8. It is further urged by vehicle company, that the verdict is contrary to law because the evidence shows that Kellum assumed the risk. The jury by its general verdict found the proximate cause of the injury to be a latent defect in the road which Kellum did not discern and had no opportunity to discover. It was not Kellum’s duty to inspect the roadway for latent defects. 26 Cyc 1251. Without setting out the evidence on which vehicle company bases its contention, it is sufficient to say that in our judgment the verdict finding that Kellum did not assume the risk is justified under the recognized rules pertaining to trial by jury.

9. Vehicle company claims that there is no evidence to show that Kellum, while riding in the Merz car, was doing so pursuant to this appellant’s command, as alleged; that Kellum was ordered only to ride in the Aitken ear, and that when that ear was disabled, the special service ceased; that the evidence affirmatively shows that Kellum entered the Merz car as a volunteer without any order or direction from the vehicle company.

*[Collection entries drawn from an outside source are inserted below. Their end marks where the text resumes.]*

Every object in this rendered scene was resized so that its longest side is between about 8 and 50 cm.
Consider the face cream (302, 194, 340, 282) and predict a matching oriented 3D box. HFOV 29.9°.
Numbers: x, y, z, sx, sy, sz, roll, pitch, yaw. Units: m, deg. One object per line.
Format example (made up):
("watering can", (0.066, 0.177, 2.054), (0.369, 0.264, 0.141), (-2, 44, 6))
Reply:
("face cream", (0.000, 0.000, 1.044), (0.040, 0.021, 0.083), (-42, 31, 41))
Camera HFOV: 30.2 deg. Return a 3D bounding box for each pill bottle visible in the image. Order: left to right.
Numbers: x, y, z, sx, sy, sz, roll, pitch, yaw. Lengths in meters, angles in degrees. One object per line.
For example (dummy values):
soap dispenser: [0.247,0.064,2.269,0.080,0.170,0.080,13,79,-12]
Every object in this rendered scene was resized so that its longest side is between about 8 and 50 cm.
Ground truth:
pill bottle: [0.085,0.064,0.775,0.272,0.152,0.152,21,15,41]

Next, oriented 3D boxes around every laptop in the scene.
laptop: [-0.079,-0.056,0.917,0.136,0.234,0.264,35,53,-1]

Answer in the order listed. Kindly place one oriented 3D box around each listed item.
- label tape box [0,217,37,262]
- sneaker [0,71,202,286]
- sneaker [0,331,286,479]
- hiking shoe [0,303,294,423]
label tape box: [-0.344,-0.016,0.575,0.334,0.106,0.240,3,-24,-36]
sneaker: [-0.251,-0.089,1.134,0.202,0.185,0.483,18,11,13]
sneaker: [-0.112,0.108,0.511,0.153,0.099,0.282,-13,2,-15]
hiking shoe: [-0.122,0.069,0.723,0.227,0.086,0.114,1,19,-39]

Mr. Newby, an executive officer of this appellant, with authority to represent it in the management of its vehicles entered in the race, was within thirty to sixty feet of the Merz car when Kellum entered it, and observed that act, and the subsequent running of the automobile for thirty miles preceding the accident. Mr. Newby testified that he had no conversation with Kellum about taking Lime’s place in the Merz car. We are of the opinion that from the conduct of Newby and Kellum the jury was warranted in finding that Kellum’s service *473while riding in the Merz car, was, under the circumstances, a continuance of the same character of service, as contemplated by the parties, as that rendered when Kellum was riding in the Aitken car.

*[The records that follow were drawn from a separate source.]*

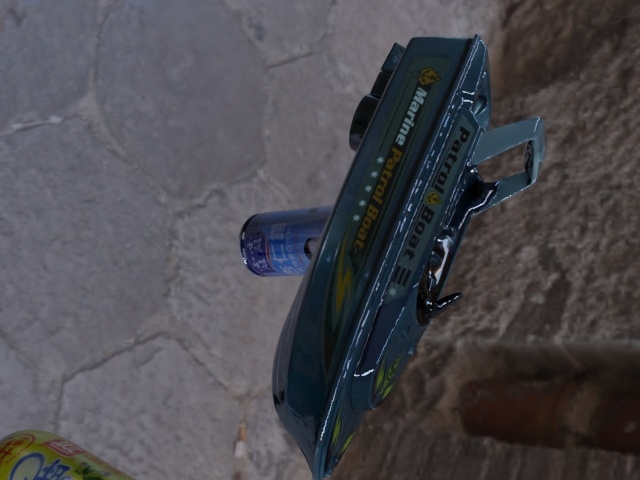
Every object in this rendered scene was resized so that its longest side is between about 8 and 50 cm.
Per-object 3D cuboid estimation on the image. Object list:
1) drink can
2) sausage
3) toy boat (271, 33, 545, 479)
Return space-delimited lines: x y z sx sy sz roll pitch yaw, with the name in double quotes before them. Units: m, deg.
"drink can" 0.000 0.000 1.290 0.097 0.235 0.097 4 85 -44
"sausage" -0.257 0.315 1.084 0.123 0.347 0.123 -41 141 -43
"toy boat" 0.042 0.008 0.502 0.093 0.103 0.246 63 47 -66
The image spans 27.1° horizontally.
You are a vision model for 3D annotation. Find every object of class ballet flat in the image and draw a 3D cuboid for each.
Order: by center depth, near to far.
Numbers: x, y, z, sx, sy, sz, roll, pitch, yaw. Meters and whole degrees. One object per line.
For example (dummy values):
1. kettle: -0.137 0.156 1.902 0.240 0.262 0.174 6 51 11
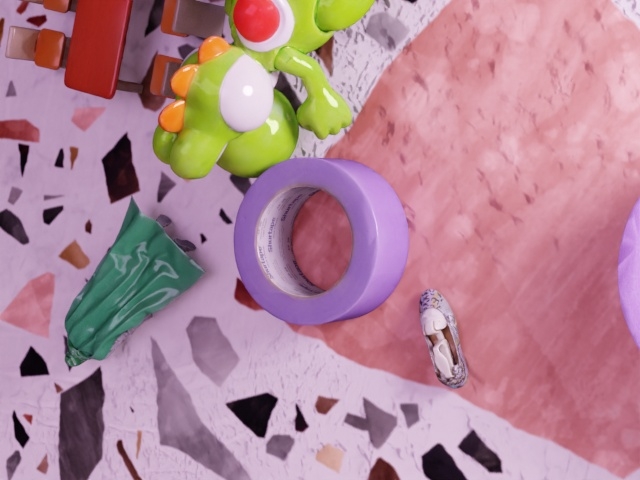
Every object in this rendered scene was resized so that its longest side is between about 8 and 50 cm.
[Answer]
1. ballet flat: 0.132 0.108 1.459 0.041 0.041 0.114 -22 80 28

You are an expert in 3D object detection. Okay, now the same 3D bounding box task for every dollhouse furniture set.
1. dollhouse furniture set: -0.258 -0.305 1.613 0.262 0.135 0.259 16 100 28

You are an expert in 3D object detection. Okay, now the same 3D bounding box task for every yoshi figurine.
1. yoshi figurine: -0.040 -0.213 1.503 0.203 0.203 0.362 37 97 -18

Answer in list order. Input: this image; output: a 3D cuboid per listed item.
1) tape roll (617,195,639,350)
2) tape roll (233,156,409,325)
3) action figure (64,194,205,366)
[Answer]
1. tape roll: 0.428 0.032 1.259 0.275 0.090 0.274 1 92 29
2. tape roll: 0.000 0.000 1.508 0.189 0.080 0.189 1 91 29
3. action figure: -0.252 0.073 1.663 0.137 0.063 0.232 47 109 18
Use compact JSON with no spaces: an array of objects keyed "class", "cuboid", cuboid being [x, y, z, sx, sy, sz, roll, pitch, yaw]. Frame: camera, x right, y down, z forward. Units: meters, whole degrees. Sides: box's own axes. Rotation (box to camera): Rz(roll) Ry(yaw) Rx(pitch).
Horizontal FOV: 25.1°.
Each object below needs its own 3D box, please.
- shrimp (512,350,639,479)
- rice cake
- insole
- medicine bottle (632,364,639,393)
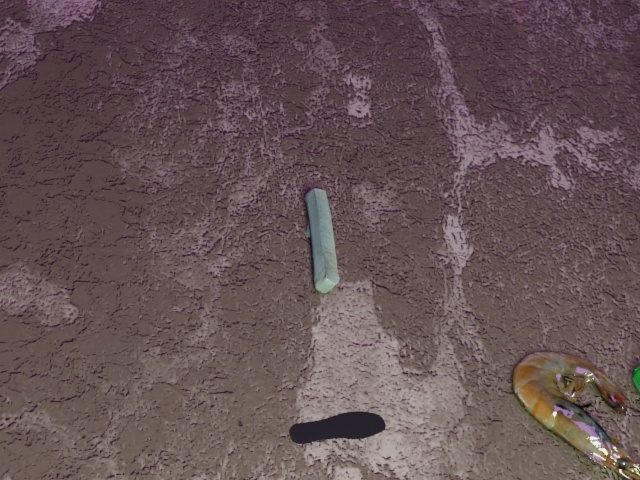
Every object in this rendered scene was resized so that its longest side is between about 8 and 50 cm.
[{"class":"shrimp","cuboid":[0.377,0.240,2.003,0.143,0.052,0.251,-25,59,-30]},{"class":"rice cake","cuboid":[0.000,0.000,2.134,0.030,0.042,0.180,19,46,-30]},{"class":"insole","cuboid":[0.023,0.256,1.954,0.135,0.002,0.045,-7,52,-16]},{"class":"medicine bottle","cuboid":[0.520,0.298,1.968,0.111,0.076,0.309,-12,54,-21]}]
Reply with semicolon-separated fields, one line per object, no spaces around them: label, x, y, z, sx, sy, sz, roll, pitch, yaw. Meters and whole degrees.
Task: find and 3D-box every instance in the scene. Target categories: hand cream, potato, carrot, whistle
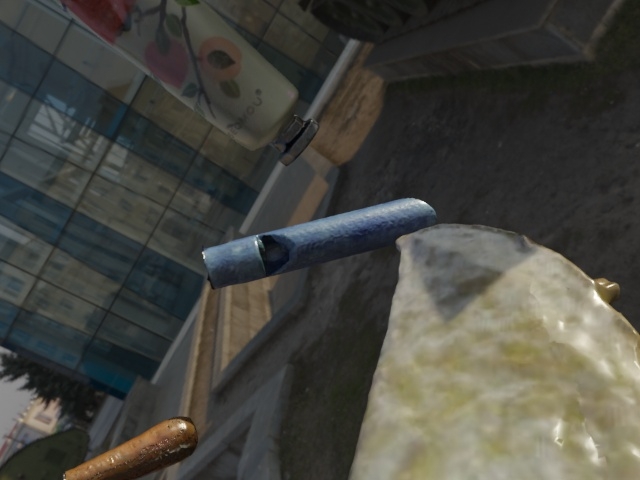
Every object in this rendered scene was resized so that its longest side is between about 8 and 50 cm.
hand cream;-0.099;-0.134;0.354;0.080;0.234;0.050;-41;18;37
potato;0.151;0.133;0.412;0.211;0.189;0.264;-11;40;26
carrot;-0.229;0.268;0.705;0.161;0.055;0.055;-19;-8;-29
whistle;0.000;0.000;0.756;0.062;0.304;0.062;166;90;-86
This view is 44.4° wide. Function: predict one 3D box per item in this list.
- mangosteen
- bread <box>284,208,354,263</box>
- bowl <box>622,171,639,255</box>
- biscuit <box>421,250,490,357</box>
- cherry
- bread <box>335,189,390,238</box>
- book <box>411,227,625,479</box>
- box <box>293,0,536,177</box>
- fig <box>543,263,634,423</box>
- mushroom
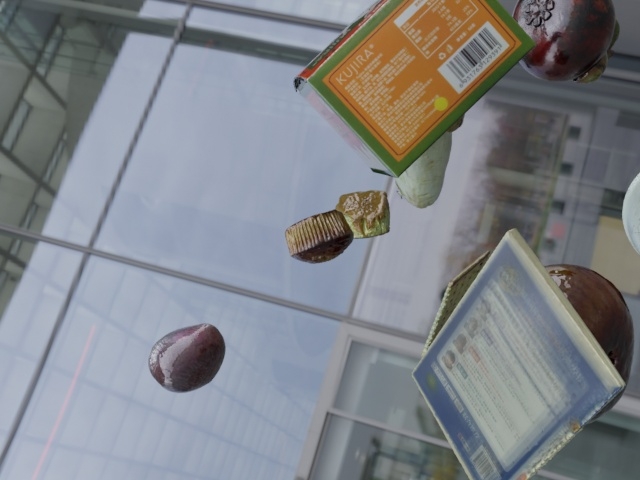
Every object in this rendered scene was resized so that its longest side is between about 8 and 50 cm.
[{"bbox_3d":[0.408,-0.343,1.287,0.200,0.200,0.200,14,-90,-76],"label":"mangosteen"},{"bbox_3d":[0.000,0.000,0.966,0.085,0.085,0.053,36,-147,-75],"label":"bread"},{"bbox_3d":[0.729,-0.009,1.501,0.146,0.313,0.313,-46,-32,-46],"label":"bowl"},{"bbox_3d":[0.262,0.129,1.532,0.139,0.016,0.231,-34,-30,-36],"label":"biscuit"},{"bbox_3d":[-0.287,0.258,1.727,0.176,0.176,0.140,37,-151,-75],"label":"cherry"},{"bbox_3d":[0.097,-0.061,1.816,0.140,0.128,0.069,-81,-19,-56],"label":"bread"},{"bbox_3d":[0.228,0.173,0.984,0.018,0.228,0.322,-9,-36,-29],"label":"book"},{"bbox_3d":[0.090,-0.187,0.847,0.195,0.148,0.177,-44,8,2],"label":"box"},{"bbox_3d":[0.327,0.150,1.104,0.235,0.214,0.235,27,-122,-54],"label":"fig"},{"bbox_3d":[0.151,-0.139,1.174,0.100,0.081,0.312,61,171,19],"label":"mushroom"}]

Complaint is made of the giving and refusing of various instructions. What we have already said disposes of the most serious objections urged. In other respects we find, no reversible error committed in relation to any instruction given or refused. Some minor questions are presented, which are not discussed here, but a consideration of all the questions presented by appellants impels the conclusion-that the record discloses no reversible error. Judgment affirmed.

Note. — Reported in 109 N. E. 196. As to contributory negligence as question for the jury, see 8 Am. St. 849. On alleging in single count two or more acts of negligence capable of contributing to injury, see 27 L. R. A. (N. S.) 792; Ann. Cas. 1913 C 101. As to the burden of proof as to contributory negligence, see 10 Ann. Cas. 4. See, also, under (1) 29 Cyc 579; (2) 29 Cyc 587; (3) 29 Cyc 565, 587; (4) 38 Cyc 1924, 1928; (5) 38 Cyc 1925; (6) 26 Cyc 1513; (7) 26 Cyc 1455; (8) 26 Cyc 1214; (9) 26 Cyc 1442.